Does it differentiate?Greg is not so sure. I'll give some examples. First here is a graph of some of the windows. I've added a step function, to show that in fact virtually any odd function will differentiate. The one called Welch^2 is the linear window multiplied by the square of a Welch taper. There is information about the Welch taper, and why it arises naturally here, here.
These are scaled to give correct derivative for a line. On the legend, I have written beside each the RMS value. Sqrt of the integral of square. That's the factor that you would expect to multiply white noise, as a variance of weighted sum. Ordinary regression has the least value. That is an aspect of its optimal quality. Better smoothing for HF comes at a cost.
So now to apply these to a sinusoid. In the following plot the yellow is the sine to be differentiated, the continuous curve "Deriv" is the exact derivative, and I have applied the three windows with three different footprints (line types). At each end, a region equal to half a footprint is lost - I have marked those parts with a horizontal line, which tells you how long each footprint was.
The first thing to note is that each gives a sinusoid, with the correct 90° phase shift. The is a consequence of being an odd function. Second is that as the footprint broadens, the amplitude shrinks. The inaccuracy is because a wider footprint is more affected by higher derivatives of the sine. In effect, it smoothes the result, to no good purpose here. But when there is noise, the smoothing is needed. That is the basic trade-off that we will encounter.
You'll notice, too, that both the Welch and step do better than regression. This is basically because they are weighted to favor central values, rather than any more subtle merit.
Now for something different, to differentiate white noise.
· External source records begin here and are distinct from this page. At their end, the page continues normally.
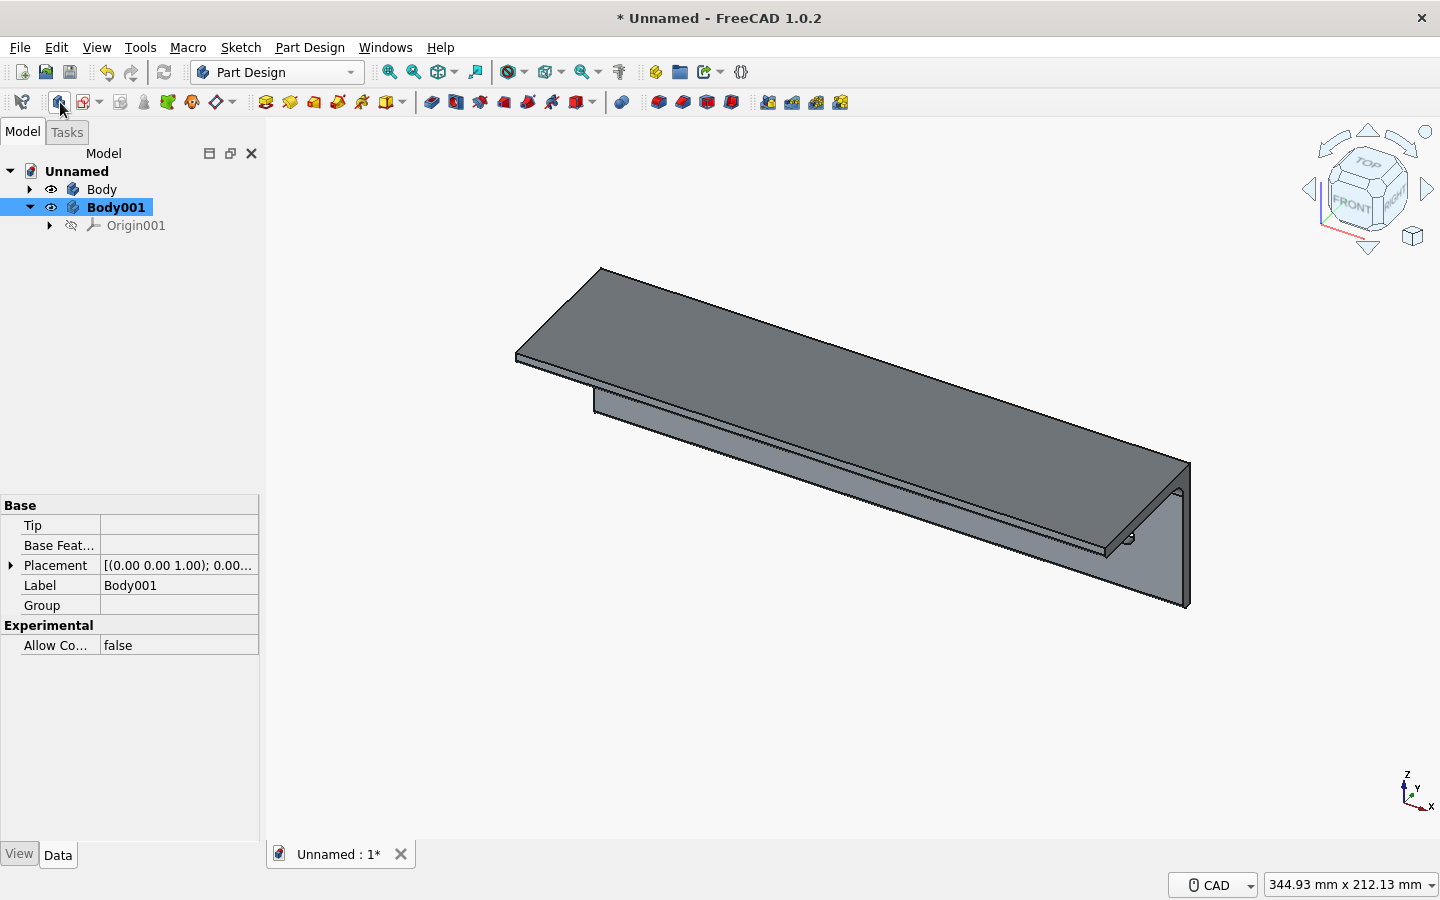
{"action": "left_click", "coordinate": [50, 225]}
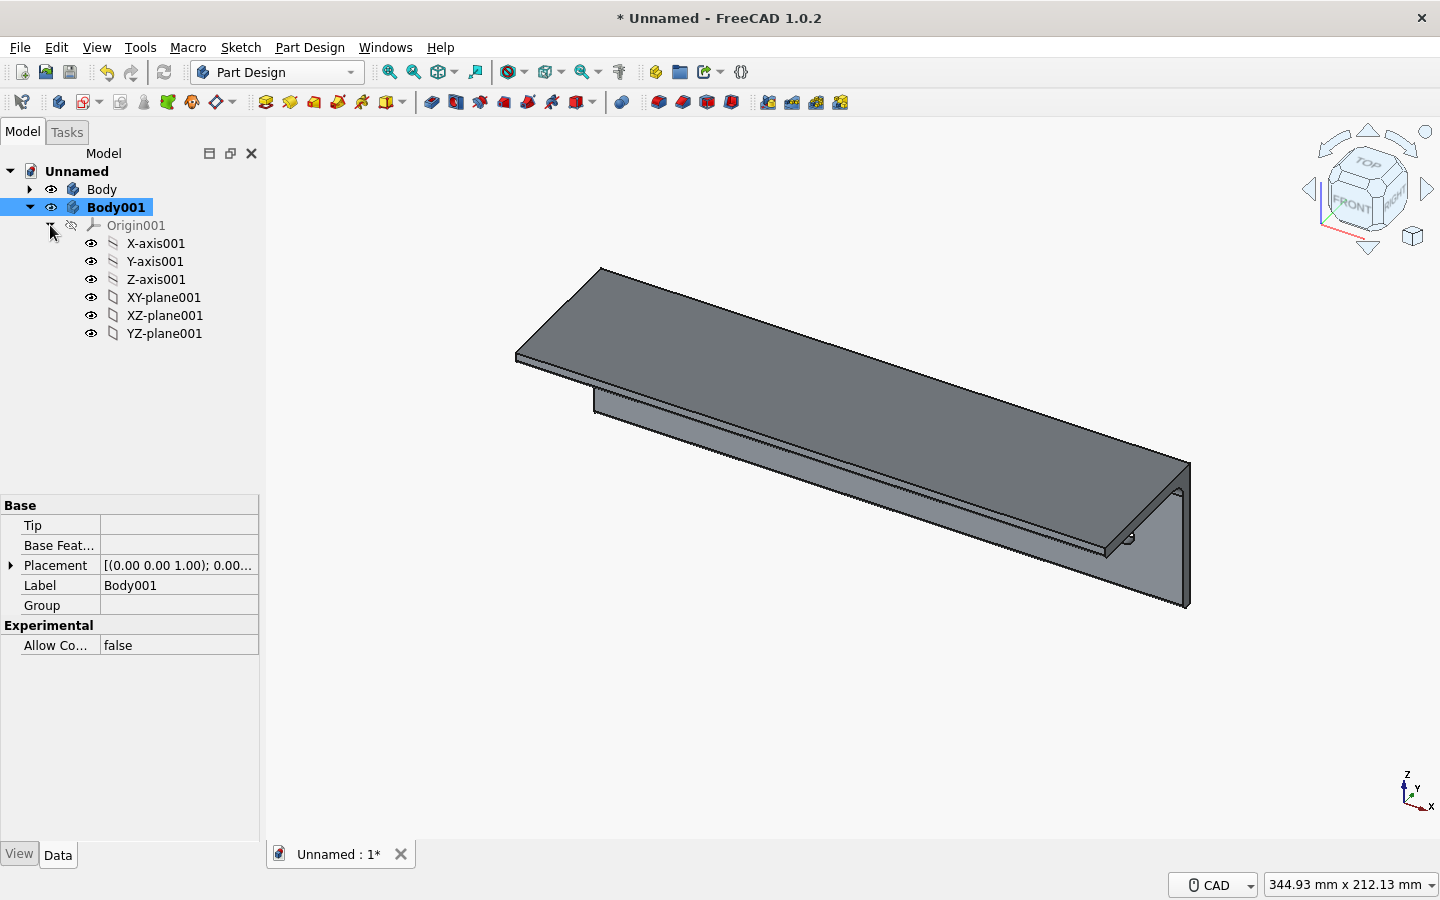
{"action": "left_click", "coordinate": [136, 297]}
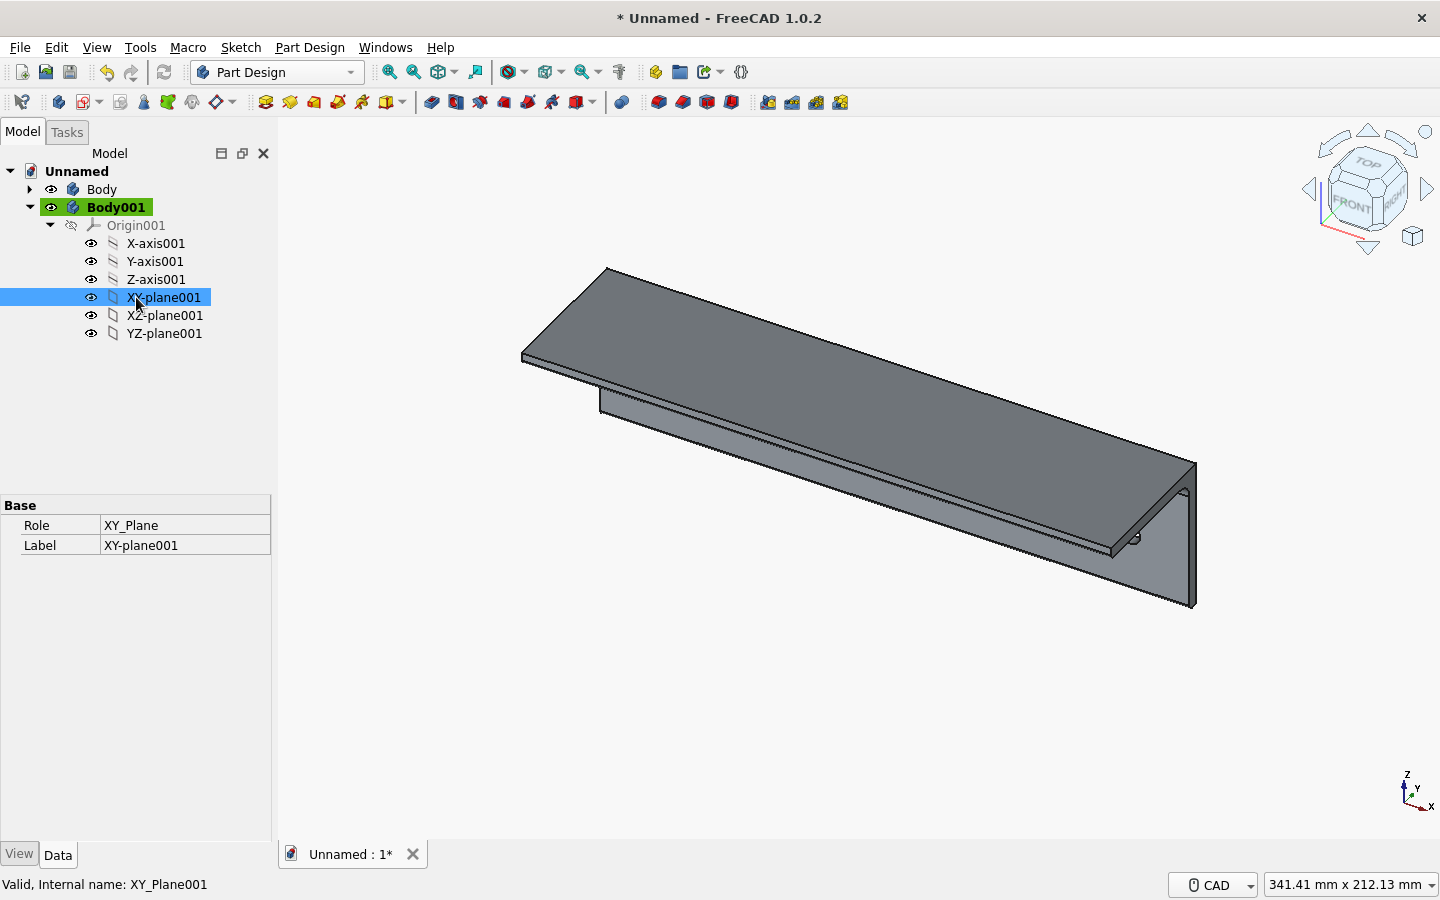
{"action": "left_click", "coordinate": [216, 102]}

There should be no real trend. I've dropped the step filter. Again the horizontal end sections indicate the half-footprint.
Now what shows is a marked oscillation, with period about equal to the footprint. The Welch filter is good at damping frequencies beyond this range; however, the actual amplitude of the response is much higher. That is associated with the higher RMS value noted on the first figure, and is commensurate with it.
Integrating with noiseOK, so what happens if we estimate the derivative of a sinusoid with noise. The next fig has sine with gaussian noise of equal amplitude added. Can we recover the derivative?
The pale grey is the original, sine and total. The blue is the derivative of sine. The red OLS regression tracks better than the smoother purple, but has more residual HF. Again the half-footprint is shown by the level sections at each end.
Improving the derivative formulaPekka, on another thread, recommended taking pairs of points, differencing, and forming some kind of optimal derivative as a weighted sum. Odd function windows automatically give such a weighted sum. The idea of improving the derivative (higher order) is attractive, because it allows the footprint to be expanded, with better noise damping, without loss of derivative accuracy.
A way to do this is to take a family of windows, and make them orthogonal to higher powers by Gram-Schmidt orthogonalisation. I did that using OLS, OLS with Welch taper, and OLS with Welch^2 (W0,W1,W0). Here are the resulting windows. W1 is guaranteed to be accurate for a cubic, and W2 for fifth order:
Again, they are scaled to give the same derivative. We see a more extreme version of the RMS inflation of the first fig. The higher order accuracy is got at a cost of much larger coefficients. They do indeed differentiate better, as the next plot shows:
W2 seems suspiciously perfect. But each result is just the correct sinusoid multiplied by a scalar, and I think it just approaches 1 in an oscillatory way, so W2 just happens to be a zero. Anyway, here higher order certainly works. What about with white noise?
Here is the downside. The higher orders amplify noise, in line with their RMS integrals.
Higher order may sometimes work. If you have an exact cubic, then you can expand the footprint as far as data permits without loss of derivative accuracy, and thus maybe overcome the RMS loss. But generally not.